The lines you return must be all those in the data that hold the string "pitch".

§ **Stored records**
········
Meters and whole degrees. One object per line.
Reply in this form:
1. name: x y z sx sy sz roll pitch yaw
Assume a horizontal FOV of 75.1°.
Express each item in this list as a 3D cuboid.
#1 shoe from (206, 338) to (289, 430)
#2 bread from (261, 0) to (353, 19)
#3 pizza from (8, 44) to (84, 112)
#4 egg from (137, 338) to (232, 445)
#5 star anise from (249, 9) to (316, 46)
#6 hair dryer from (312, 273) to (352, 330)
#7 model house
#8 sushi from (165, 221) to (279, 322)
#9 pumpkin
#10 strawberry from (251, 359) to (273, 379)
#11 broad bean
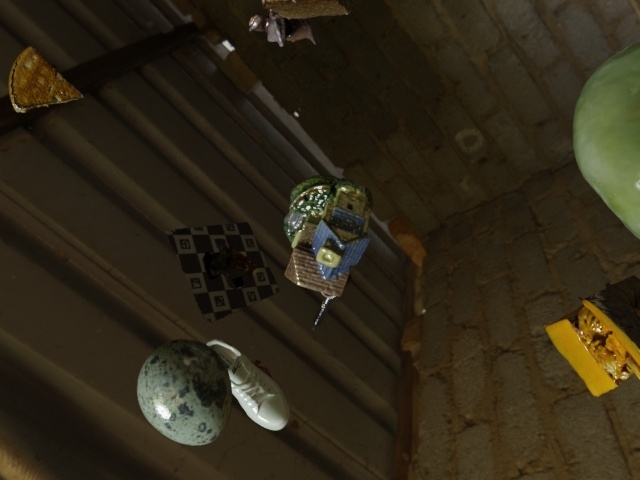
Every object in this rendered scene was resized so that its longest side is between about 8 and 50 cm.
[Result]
········
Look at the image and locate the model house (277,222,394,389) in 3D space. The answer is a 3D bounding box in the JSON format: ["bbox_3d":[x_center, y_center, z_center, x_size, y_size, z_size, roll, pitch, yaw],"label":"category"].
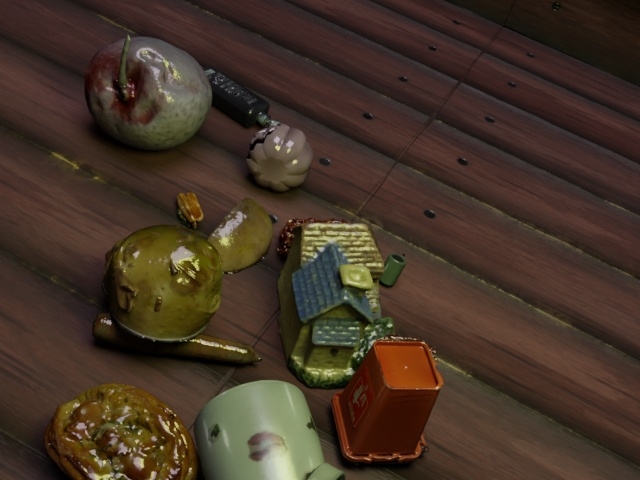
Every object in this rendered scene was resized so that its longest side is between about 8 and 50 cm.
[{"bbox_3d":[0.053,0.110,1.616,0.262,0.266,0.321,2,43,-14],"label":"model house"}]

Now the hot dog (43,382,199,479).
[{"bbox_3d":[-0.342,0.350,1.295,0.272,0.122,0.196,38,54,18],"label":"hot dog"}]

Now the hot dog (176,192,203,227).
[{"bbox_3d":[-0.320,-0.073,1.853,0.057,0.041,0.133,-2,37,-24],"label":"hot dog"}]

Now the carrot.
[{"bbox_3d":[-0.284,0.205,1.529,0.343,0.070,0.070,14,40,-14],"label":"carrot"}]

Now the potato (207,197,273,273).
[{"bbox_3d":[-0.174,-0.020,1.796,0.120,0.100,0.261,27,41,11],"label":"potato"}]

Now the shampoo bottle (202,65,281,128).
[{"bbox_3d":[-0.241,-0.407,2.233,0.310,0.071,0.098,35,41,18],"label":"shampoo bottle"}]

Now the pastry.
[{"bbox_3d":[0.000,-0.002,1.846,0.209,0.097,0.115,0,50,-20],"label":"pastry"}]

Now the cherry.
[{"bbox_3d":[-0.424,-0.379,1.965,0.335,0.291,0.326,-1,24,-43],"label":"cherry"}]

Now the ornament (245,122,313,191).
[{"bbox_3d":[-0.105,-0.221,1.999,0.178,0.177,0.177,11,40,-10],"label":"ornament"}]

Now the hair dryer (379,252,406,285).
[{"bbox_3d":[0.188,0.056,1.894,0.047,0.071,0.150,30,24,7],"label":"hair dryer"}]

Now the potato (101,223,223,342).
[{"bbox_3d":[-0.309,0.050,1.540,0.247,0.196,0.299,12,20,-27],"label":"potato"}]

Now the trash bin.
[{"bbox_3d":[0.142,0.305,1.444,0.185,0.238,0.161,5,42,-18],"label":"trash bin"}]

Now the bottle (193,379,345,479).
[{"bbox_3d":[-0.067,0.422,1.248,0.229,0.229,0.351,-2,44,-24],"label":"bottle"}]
········
§ **RESULT FOR THIS EXERCISE**
1. name: x y z sx sy sz roll pitch yaw
Look at the image and locate the model house (277,222,394,389) in 3D space. The answer is a 3D bounding box in the JSON format: ["bbox_3d":[x_center, y_center, z_center, x_size, y_size, z_size, roll, pitch, yaw],"label":"category"].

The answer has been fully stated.